Yahoo offers a more sophisticated news search tool than Google. Interesting. I can search the headline and search the body (among other things). For each of the three major search engines, I search the headlines for the search engine name (e.g., Google) and search “any part of the article” for “justice”. Here are the results:
Google: 701
Yahoo: 15
MSN: 3 (a search for Microsoft yielded 17)

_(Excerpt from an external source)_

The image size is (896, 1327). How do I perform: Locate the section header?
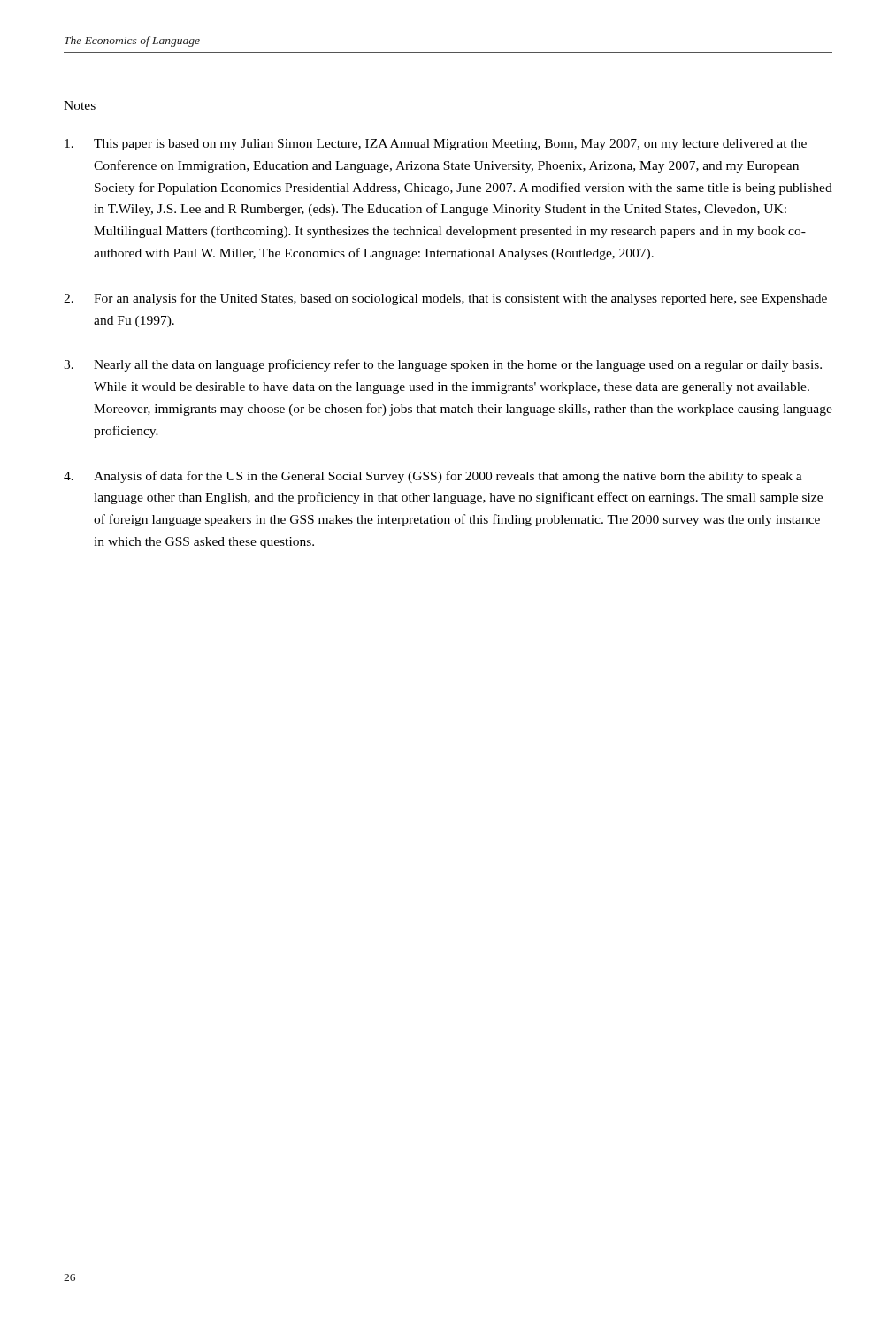click(x=80, y=105)
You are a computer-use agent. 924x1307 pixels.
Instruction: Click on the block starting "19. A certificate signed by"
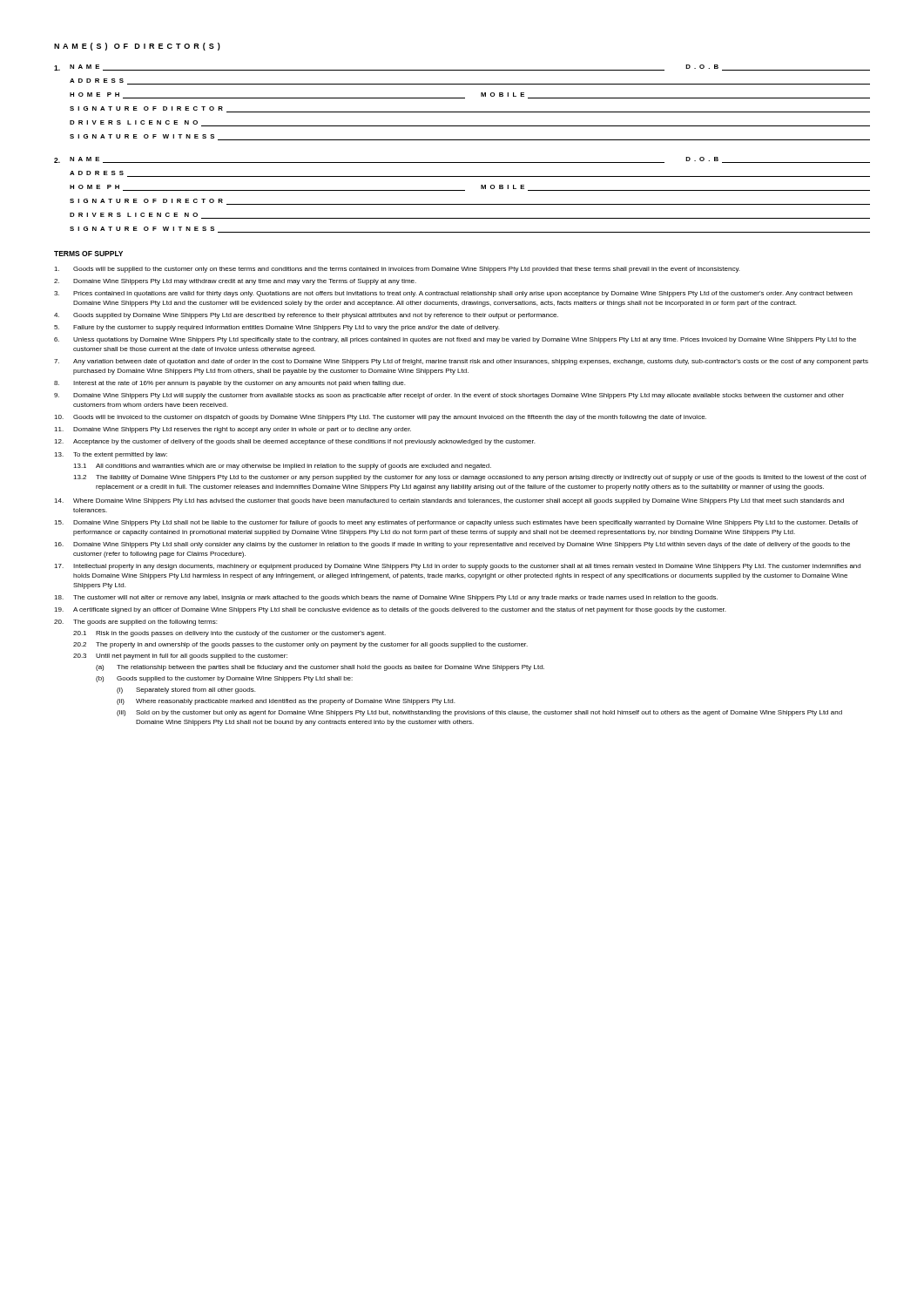pyautogui.click(x=462, y=609)

Now counting the first three pages of date sorted results for “search engine” + justice:
Google: 23
Yahoo: 2
MSN: 1 (the headline was actually “MS”)
Looks like Google still comes out on top. Now for MSN News. I could not figure out advanced search techniques (their “Learn more about our service” page was a contact form for problems). So I first did a general news search for each of the three major search engines:
Google: 125,227
Yahoo: 183,223
MSN: 130,412
Interesting in that they are all closer to each other, but there are too many problems with this method, some of which are outlined above. I then tried what I think is the best measure outlined so far, which is to count the number of times each search engine appears in a headline about the DOJ issue in the first three pages of a search for “search engine + justice. Note that there is no option to sort by date.
Google: 13
Yahoo: 1
MSN: 0
While each of these measures has problems, the results suggest that the coverage was skewed toward focusing on Google’s non-compliance rather than the other companies’ compliance. This may be a result of the fact that the event that was being covered involved Google, but this does not explain a lack of earlier or multi-dimensional coverage. Furthermore, I learned some interesting techniques when using news aggregators.

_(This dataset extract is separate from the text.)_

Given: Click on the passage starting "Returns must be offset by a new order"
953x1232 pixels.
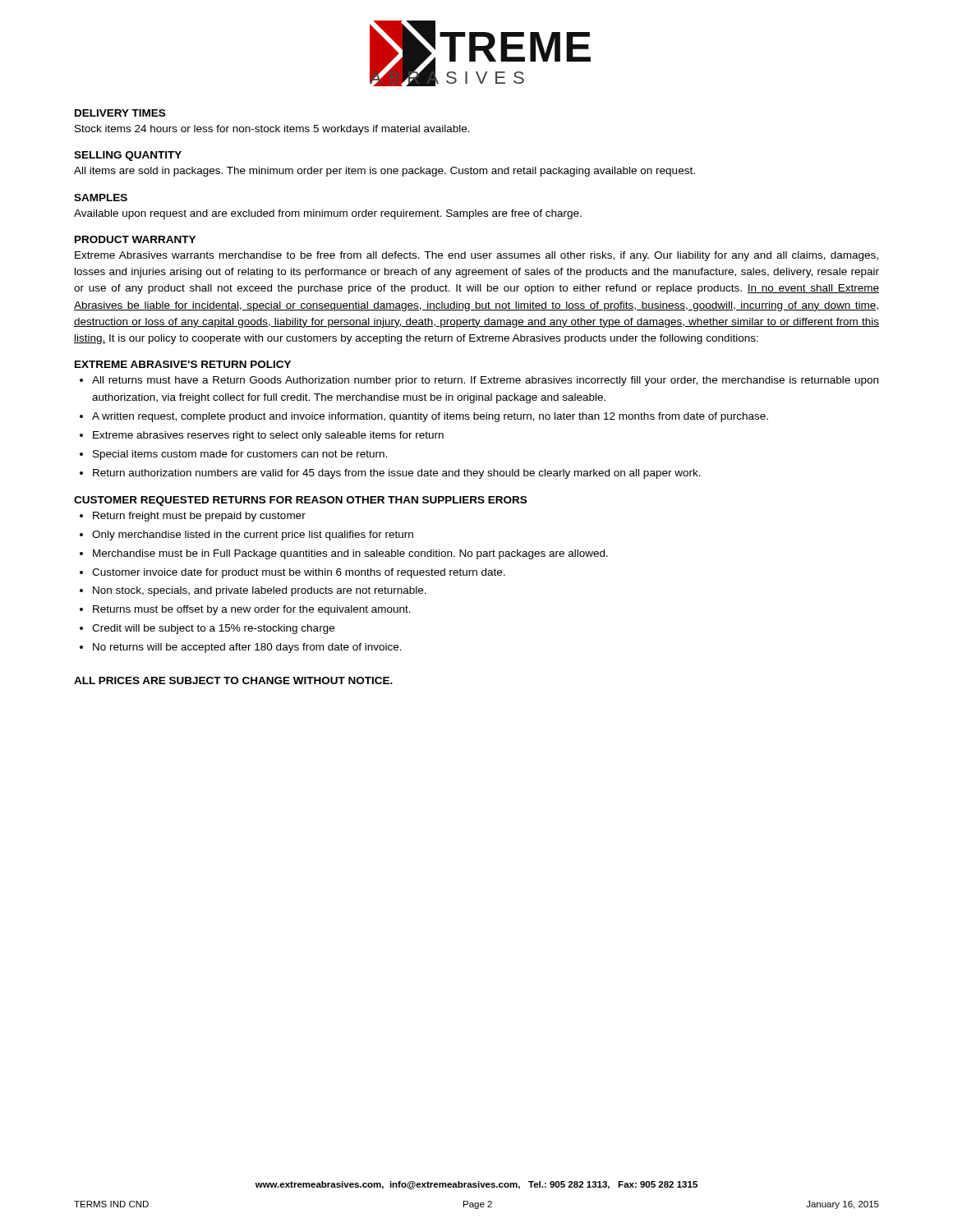Looking at the screenshot, I should 252,609.

When companies like Yahoo or MSN are compelled by the government to hand over information, they’re required to do so in a secret manner — thus nobody knows it happened, especially not news reporters. The only reason this story is now public is because Google resisted. We have no idea how common this practice is but we know it’s happened a lot more since Sept. 11, as gov’t investigators have scooped up huge amounts of travel records, etc.
I am not aware of any rule requiring companies to maintain secrecy when asked for data and I did not see any mention of a secrecy clause in the reports on this story.
More likely, Yahoo and MSN either did not think it would be an issue or did not want to discuss the turning over of possibly private data. Neither of those two possibilities is relieving.
There was an interesting Wall Street Journal–I think–article on this recently that goes into details about each side’s arguments. Google’s legal defense is built entirely on the premise of trade secrets, which, apparently, has stronger weight in these types of cases. It could also mean that they do not actually believe the privacy argument.